Позже Гена стал догадываться, что это зависимость, это болезнь, и часто повторял: «Я не алкоголик, это определяется работоспособностью». И действительно, мог в любом состоянии завернуться в халат, налить крепкого чая и сесть за машинку. Писать что-то несвязное. Что-нибудь «про ежика», например, только бы писать. Наутро понимал, что получилась какая-то чушь, садился за сценарий в полной трезвости, боролся с собой, сколько хватало воли. Он любил писать, вот просто оставлять слова на бумаге, без продолжительных усилий ума, каких требует сценарий, и эта любовь, физиологическая страсть к писанию — единственное, что могло бы победить алкоголизм. Он и сам почти понимал это. И боролся. Писать — для того чтобы не спиться, не прослыть у самого себя алкоголиком. Если бы да кабы — досталась бы ему настоящая писательская жена, умудренная знанием, какими бывают писательские жены — немного врач, немного педагог и всегда секретарь оберегающий, пестующий талант, ревниво, честолюбиво, с хорошо дозированным восхищением и безмерным терпением следящая за каждым словом, за каждым часом, потерянным для искусства и для здоровья… Ничего этого во мне не было. Никаких писательских жен и никаких писателей я не знала. Понимала ли, что Шпаликов талантлив, что он неординарен даже на нашем, вгиковском, фоне, где все метили если не в гении, то в таланты? Еще как понимала. Потому и вышла замуж. Именно за него. Ощущая полное его превосходство.
А в те времена, страшно далекие от нынешнего феминизма, превосходство мужа над женой было обязательным, само самой разумеющимся — это единственный предрассудок, мною впитанный с молоком матери и с войной. У тех девушек, что «много о себе понимали», с замужеством обычно было туго, не брали их замуж. А замуж хотелось. Требовалось начать жизнь с чистого листа.
Были и другие варианты, надежнее Гены для будущей жизни и даже для постели более привлекательные — со Шпаликовым мне этот момент как-то и вовсе не представлялся, отодвигался в абстрактную даль на грани невозможного — ну как с братом, что ли… Я не знала слова «инцест», но что-то подобное, первобытный запрет кровосмесительства пробивался к сознанию из древних глубин. «Из одного тотема» — это много позже я догадалась, что мы с ним «из одного тотема», а в одном тотеме мужчина и женщина не соединялись. В книге Фрейда «Тотем и табу» весьма убедительно про это рассказано.
Вам, может быть, покажется это поэтическим домыслом, и наверняка покажется, если вы сами с этим не сталкивались, как и большинство людей, но те, кто хоть однажды, пусть не на своем опыте, но где-то рядом наблюдал подобные «странности любви», поймут, о чем я говорю.

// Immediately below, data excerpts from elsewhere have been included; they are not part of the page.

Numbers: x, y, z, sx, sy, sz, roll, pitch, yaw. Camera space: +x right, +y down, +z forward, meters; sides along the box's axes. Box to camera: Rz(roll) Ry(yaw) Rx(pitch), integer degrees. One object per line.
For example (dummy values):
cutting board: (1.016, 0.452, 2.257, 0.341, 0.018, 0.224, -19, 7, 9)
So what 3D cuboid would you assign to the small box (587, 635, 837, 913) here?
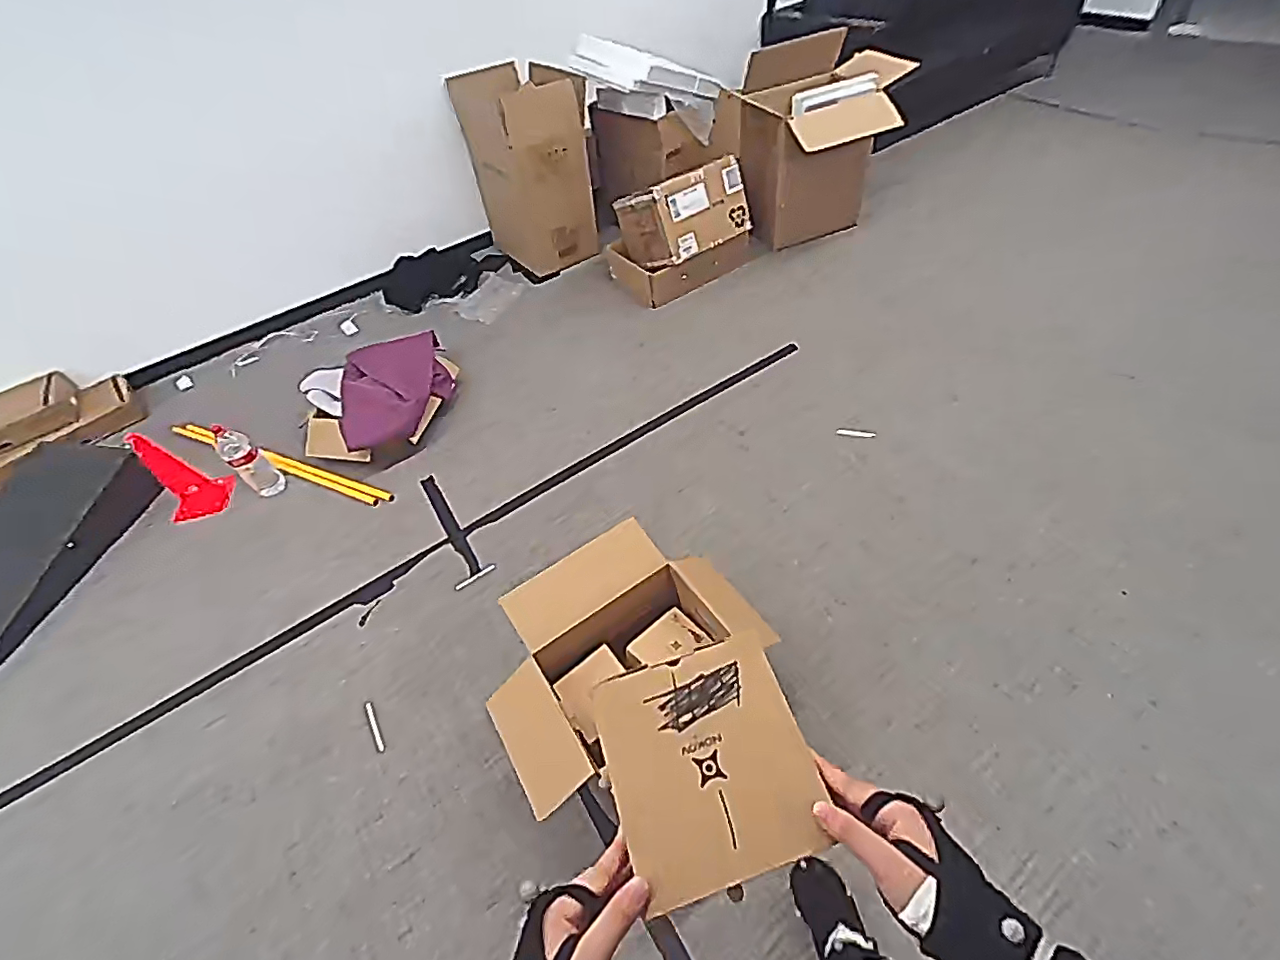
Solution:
small box: (0.056, 0.281, 0.523, 0.168, 0.176, 0.179, -17, 56, -7)
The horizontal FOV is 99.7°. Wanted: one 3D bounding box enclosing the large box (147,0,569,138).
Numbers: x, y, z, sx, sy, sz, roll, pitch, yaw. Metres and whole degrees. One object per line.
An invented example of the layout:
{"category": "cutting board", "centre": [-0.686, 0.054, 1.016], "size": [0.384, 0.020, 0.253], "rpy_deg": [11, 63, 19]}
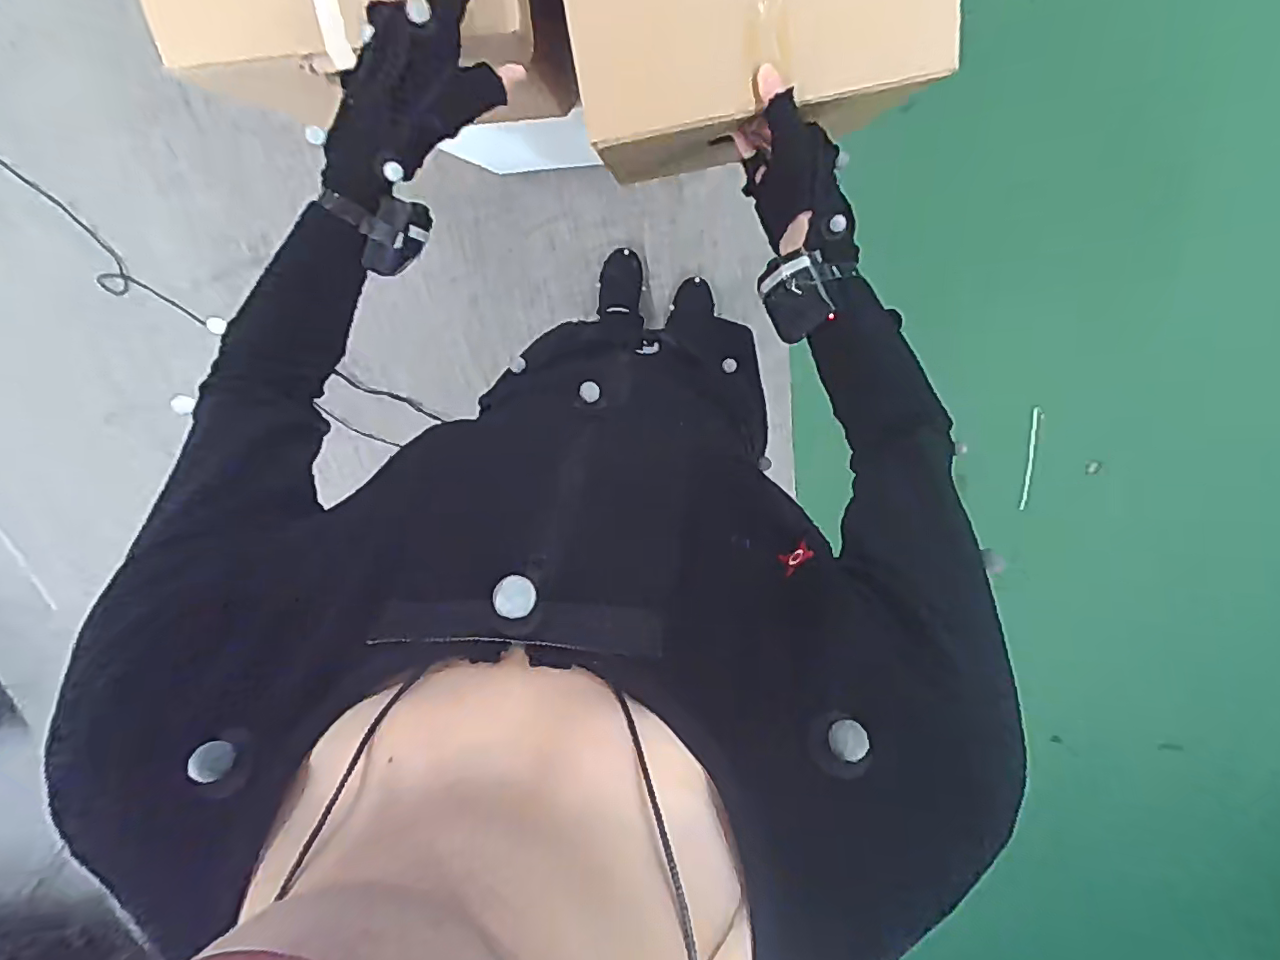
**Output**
{"category": "large box", "centre": [-0.266, -0.605, 0.521], "size": [0.320, 0.320, 0.408], "rpy_deg": [-3, 112, 3]}
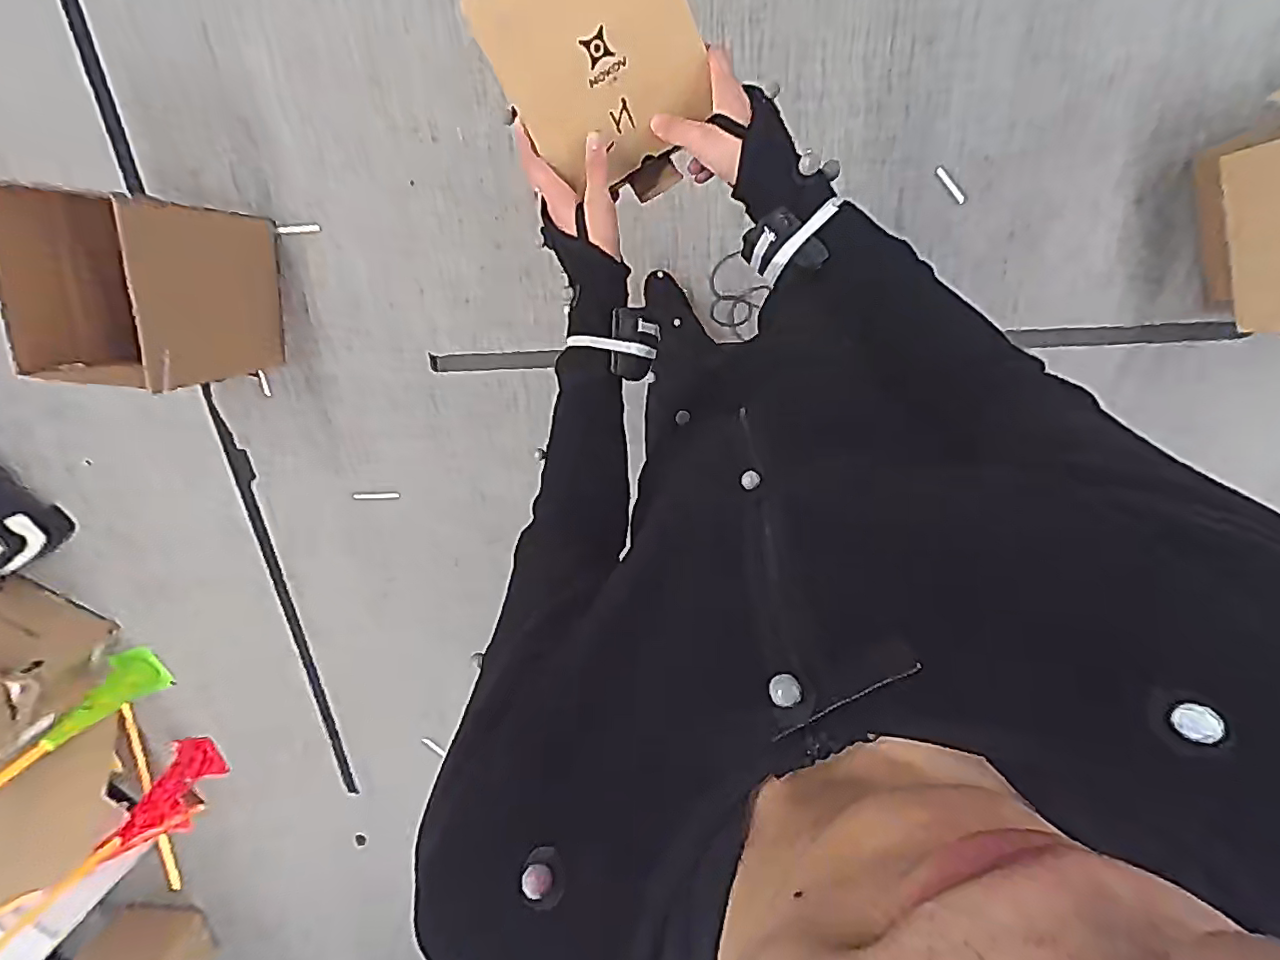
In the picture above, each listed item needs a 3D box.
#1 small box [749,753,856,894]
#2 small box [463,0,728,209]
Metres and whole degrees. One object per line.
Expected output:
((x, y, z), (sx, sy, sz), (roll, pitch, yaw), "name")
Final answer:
((0.307, 0.653, 1.044), (0.168, 0.176, 0.179), (-6, 112, 6), "small box")
((-0.041, -0.385, 0.520), (0.168, 0.176, 0.179), (-28, 115, 7), "small box")
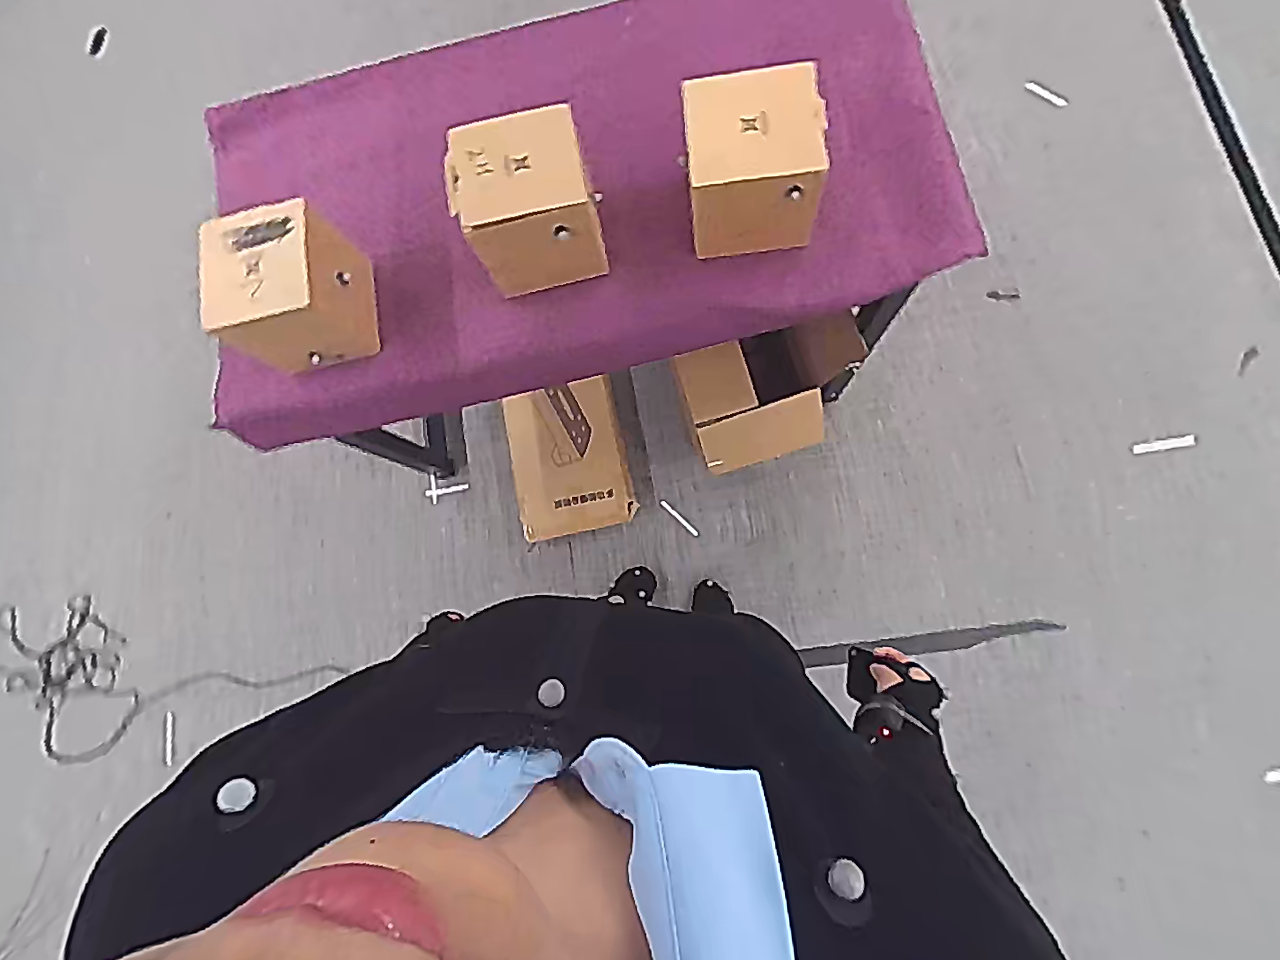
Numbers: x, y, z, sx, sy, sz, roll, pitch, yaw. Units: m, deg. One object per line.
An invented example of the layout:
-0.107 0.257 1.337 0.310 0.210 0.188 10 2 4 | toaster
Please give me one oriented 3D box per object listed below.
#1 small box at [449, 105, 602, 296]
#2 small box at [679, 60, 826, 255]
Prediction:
-0.161 -0.405 0.810 0.179 0.176 0.168 -12 76 5 | small box
0.154 -0.449 0.781 0.179 0.176 0.168 -5 79 6 | small box

Сама я это поняла задним умом, очень нескоро, а сейчас пытаюсь вспомнить — словно бы в третьем лице, не про себя и почти хладнокровно, как из этой странноватой игры, мало похожей на любовь, выросло нечто, мало похожее на семейную жизнь, но большое, огромное и не забытое до мелочей, до стыдных подробностей, которыми я не стану здесь травить душу. Но помню, все помню, хотя обычно память заталкивает неприятные подробности в дальний ящик. Мы разводились, расходились так непростительно долго, скандалы чередовались с самой искренней дружбой, что в результате это переплавилось в множество нежных стихов на тему «хотя поссорились уже, но все-таки еще дружили». А выглядело это так.
Он. Значит, никогда? Ты так считаешь?
Она — я. Потому что я тебя не люблю!
Он. Почему?
Я. Прекратим этот разговор. В сотый раз… не хочу повторять: не люблю, и у меня другая жизнь, прежней уже не будет.
Он. А почему?
Его нельзя было обидеть. Как с гуся вода. Он вообще никогда ни на кого не обижался. Если порывал с кем-то отношения, не хотел встречаться, говорил «так надо», «так лучше», и никакими силами не дознаешься — ни повода, ни причины. Никаких выяснений «взаимных болей, бед и обид». Он каким-то образом всегда оказывался выше этого, будто смотрел издалека, свысока.
Бракоразводный наш суд прошел «в теплой дружеской обстановке». «Надо говорить — „не сошлись характерами“? А почему? Мы же сошлись». Но все произнес, что требуется, давясь от смеха.